Consider L=1000, A=1, B=999, C=1000, M=1001. Here M>C but unfortunely there's no feasible plan.
I have followed this post from the beginning.I made calculations to see if I could estimate the time for the walkers to reach the other end.My inital estimate was 4 hours I started by sending M to pick up the slowest walker and to drop him at a point where the time to do the same for the others would keep him from crossing the finish line.Rate of walkers .1 K per minute,.133, .166. Rate of M 2K per minute.It takes M to meet a 57 minutes.They approach each other at 2.1 K per minute. The trip back to the 90 mile mark takes 47 minute. The pick up point was at mile 5.7. Picking up the others took a total of 247 minutes. I can see that the drop offs should have been closer to the end.Final back and forth movements ofM to get walkers in correct positions would take little time.

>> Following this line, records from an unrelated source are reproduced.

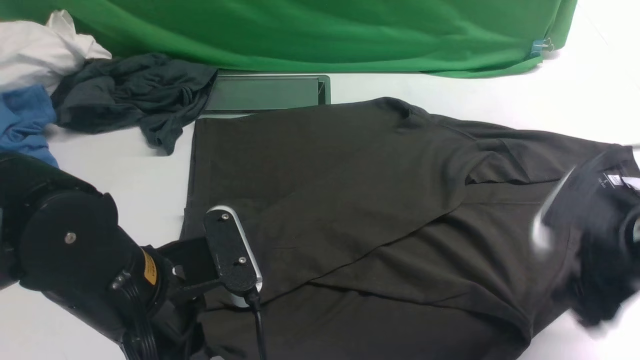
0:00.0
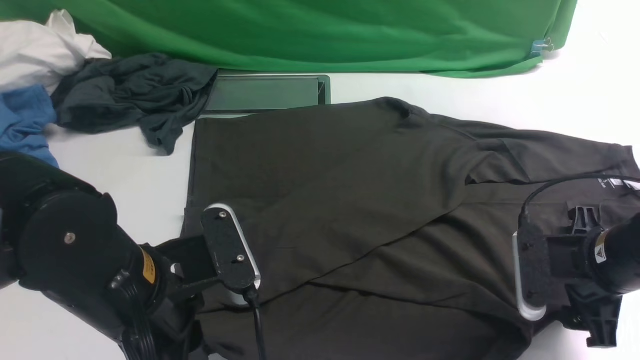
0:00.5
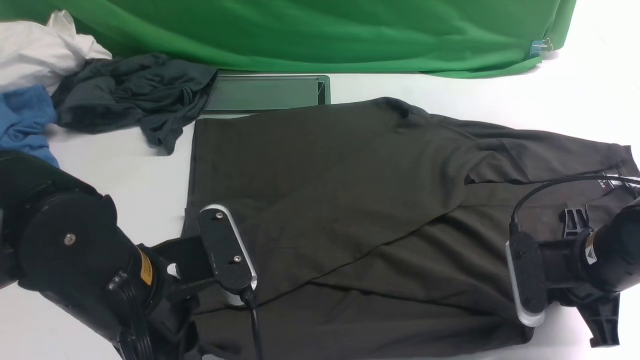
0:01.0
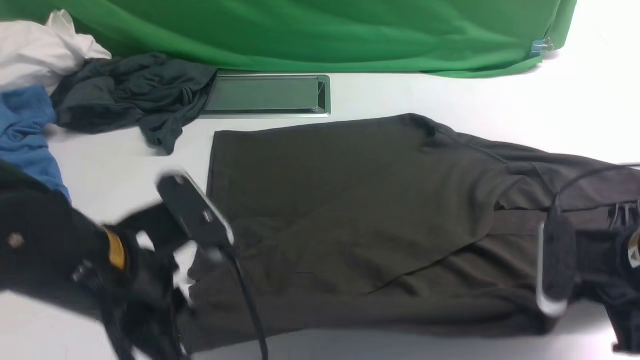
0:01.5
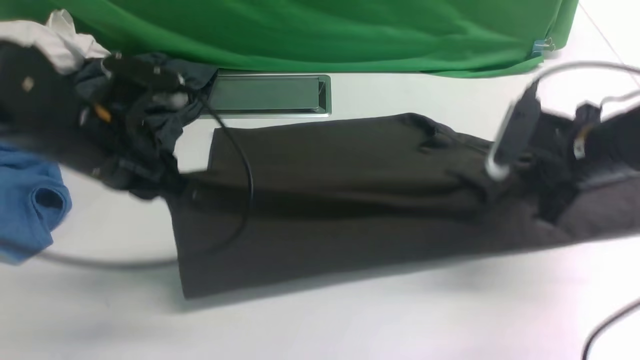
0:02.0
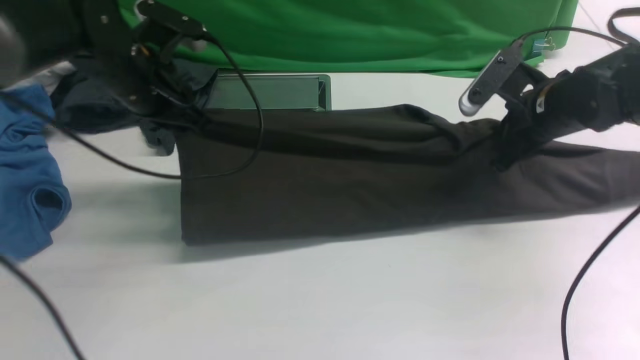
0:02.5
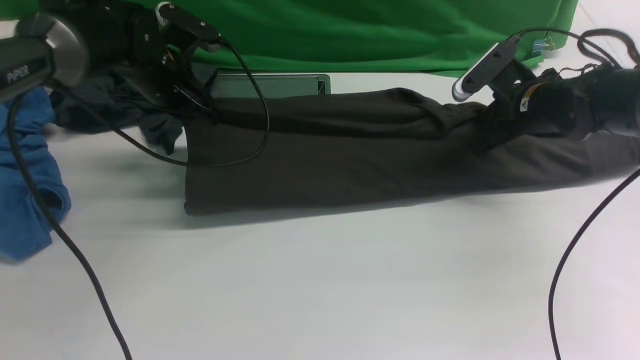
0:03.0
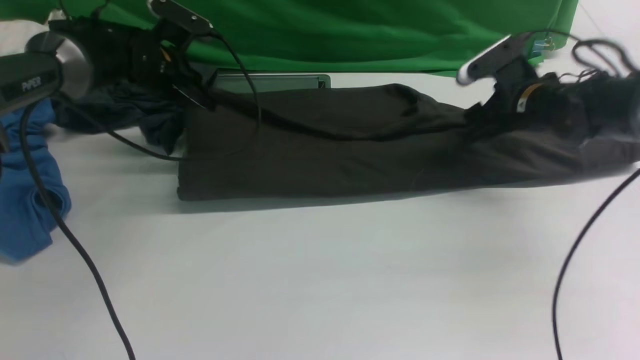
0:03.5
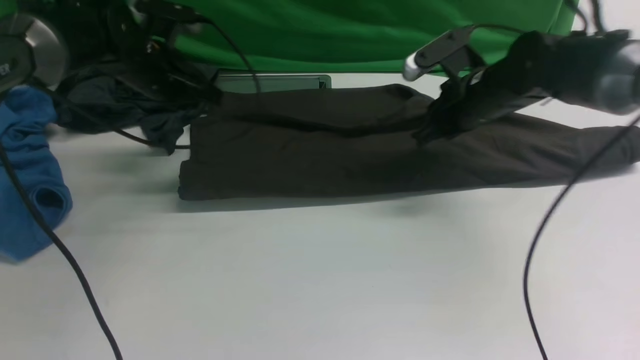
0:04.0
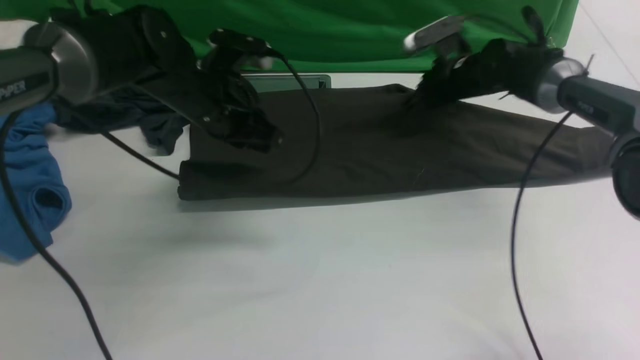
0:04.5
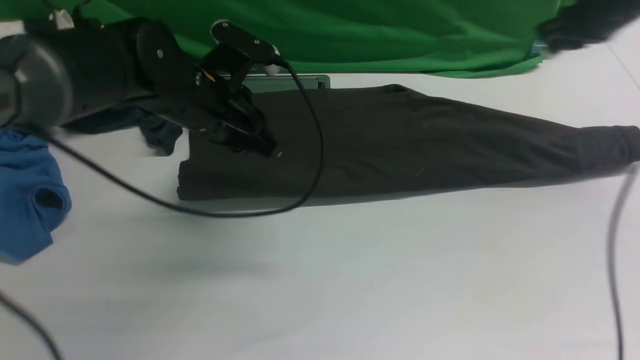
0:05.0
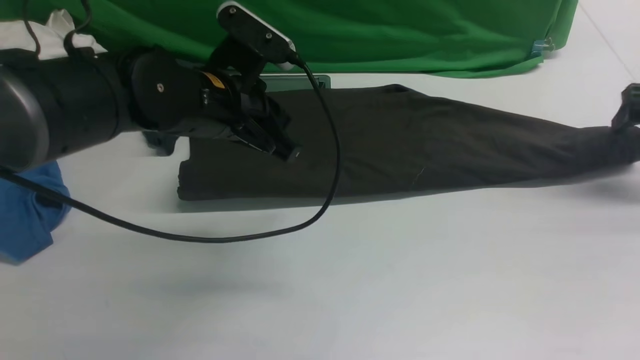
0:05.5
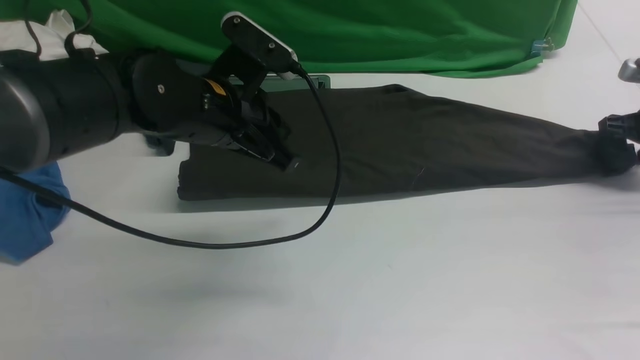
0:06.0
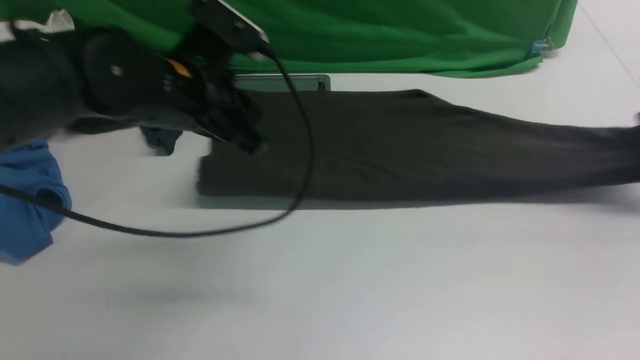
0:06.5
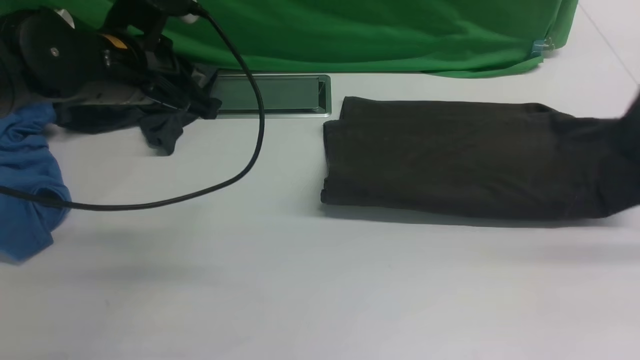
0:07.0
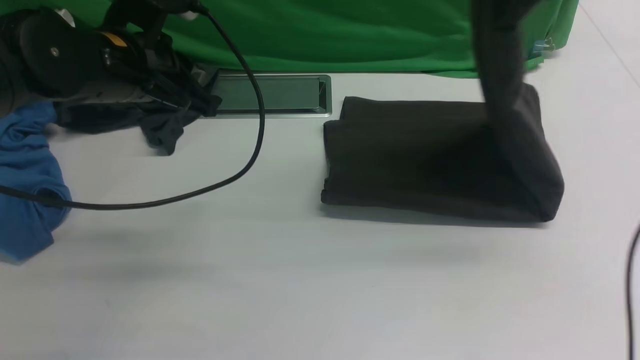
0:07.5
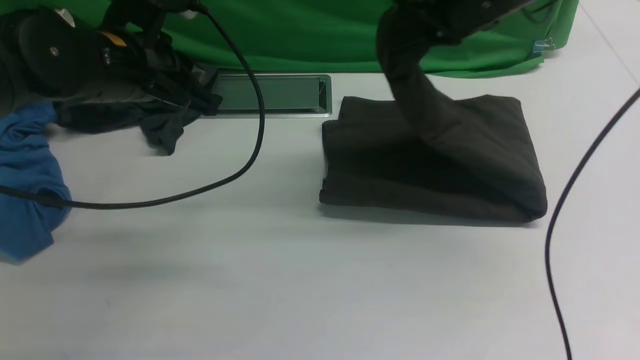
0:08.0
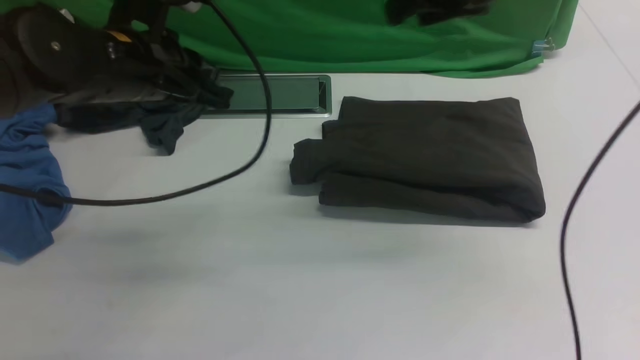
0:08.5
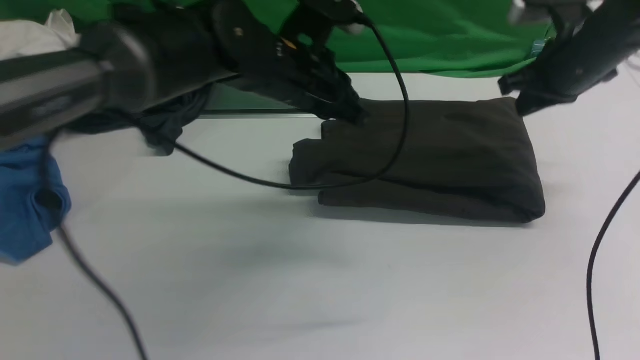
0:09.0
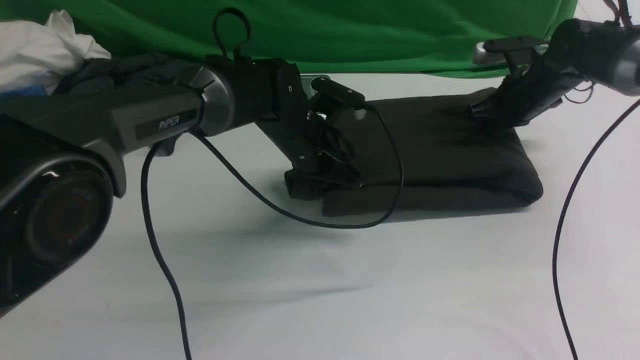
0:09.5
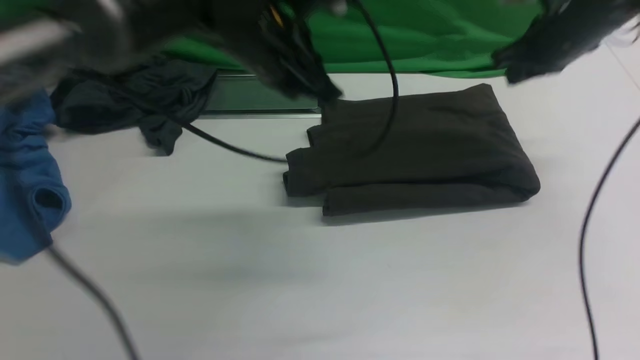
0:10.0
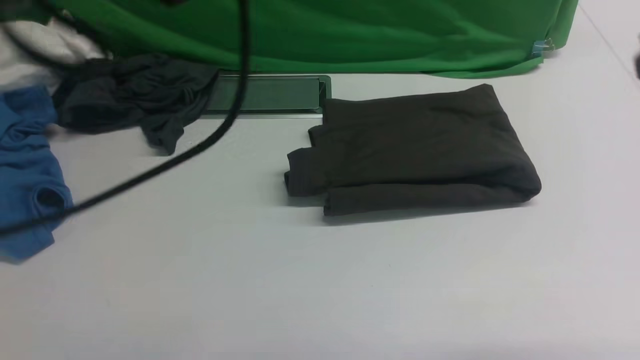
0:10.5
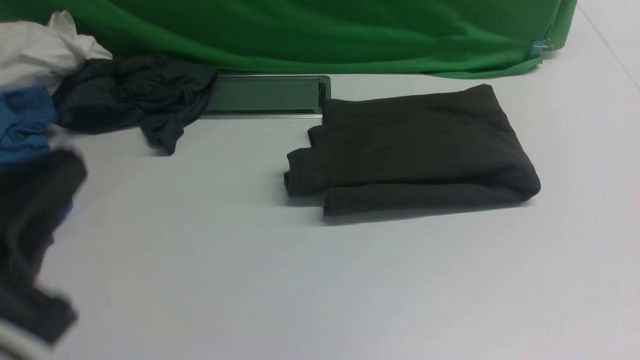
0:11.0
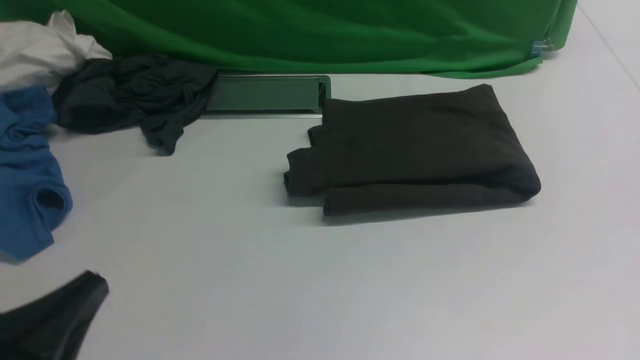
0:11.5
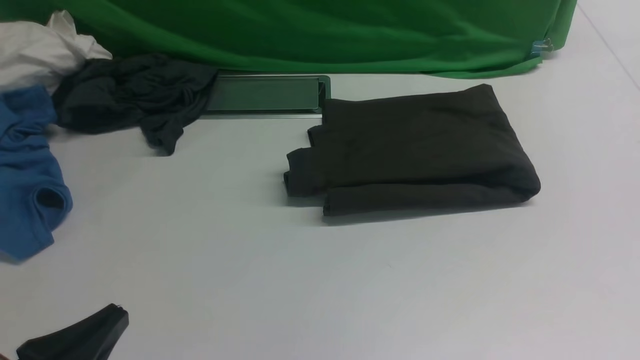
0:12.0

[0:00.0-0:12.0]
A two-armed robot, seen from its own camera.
Step, 0:02.0 to 0:04.5: use both arms to drag the lower edge of the fabric forward and fold it over the upper edge.
Step, 0:05.0 to 0:06.5: use the right arm to clamp the right edge of the fabric.
Step, 0:07.0 to 0:08.0: use the right arm to drag the right edge of the fabric to the left and folds it over the left edge.
0:00.0 to 0:02.0: The right gripper is displaced forward by some 10 cm, and closes up. Meanwhile the left gripper shifts about 15 cm forward and to the left.
0:02.0 to 0:04.0: The right gripper heads forward and to the left, covering approximately 15 cm, and opens and closes again. Meanwhile the left gripper heads forward, covering about 15 cm.
0:04.0 to 0:06.0: The left gripper goes some 15 cm backward and to the right. Meanwhile the right gripper is displaced to the right by approximately 25 cm, and opens its fingers.
0:06.0 to 0:08.0: The left gripper is displaced to the left by approximately 10 cm, while the right gripper is displaced to the left and upward by roughly 35 cm, and closes its fingers.
0:08.0 to 0:10.0: Both grippers move to the right, roughly 10 cm. The right gripper moves roughly 15 cm downward and comes back, and closes up. Meanwhile the left gripper moves about 15 cm downward and comes back.
0:10.0 to 0:12.0: The left gripper heads backward, downward and to the left, covering some 35 cm, while the right gripper heads backward, covering roughly 40 cm.

To the second question: Go here http://www.mathhelpforum.com/math-he...tml#post660726
Integer example (2 walkers) where 1 walker is driven backward.

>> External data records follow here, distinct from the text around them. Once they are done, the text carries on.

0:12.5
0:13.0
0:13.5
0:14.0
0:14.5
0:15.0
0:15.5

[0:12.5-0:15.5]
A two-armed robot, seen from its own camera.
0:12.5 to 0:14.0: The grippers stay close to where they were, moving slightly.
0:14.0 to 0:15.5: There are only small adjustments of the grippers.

L = 1080 (X to Y), M = 100, A = 20, B = 80
M and B meet after 6 hours.
M drives B backward for 2 hours.
B then walks to Y : 10 hours ; total = 18 hours
After the 1st 8 hours, A has walked 160.
M is now 120 from A: takes 1 hour to meet A.
Distance from Y now 900: takes 9 hours ; total = 18 hours.
to have ALL walkers at fastest walker speed, and the Motorcycle is useless.
That's the only way to reach destination at same time. Agree?
Remark on case where a walker is driven backward:
it is possible to get a solution where a walker is driven back BEHIND (West of) starting point X.
The wording of your problem does not prevent that.
Say a=100, b=99, c=98 and m=99.9, L=100
what do you say? m first meets a and drive him back to somewhere between b and c, then pick up c to make everybody arrive the same time at destination. Calculations should be similar to that done here http://www.mathhelpforum.com/math-he...tml#post660891 and a feasible plan exists.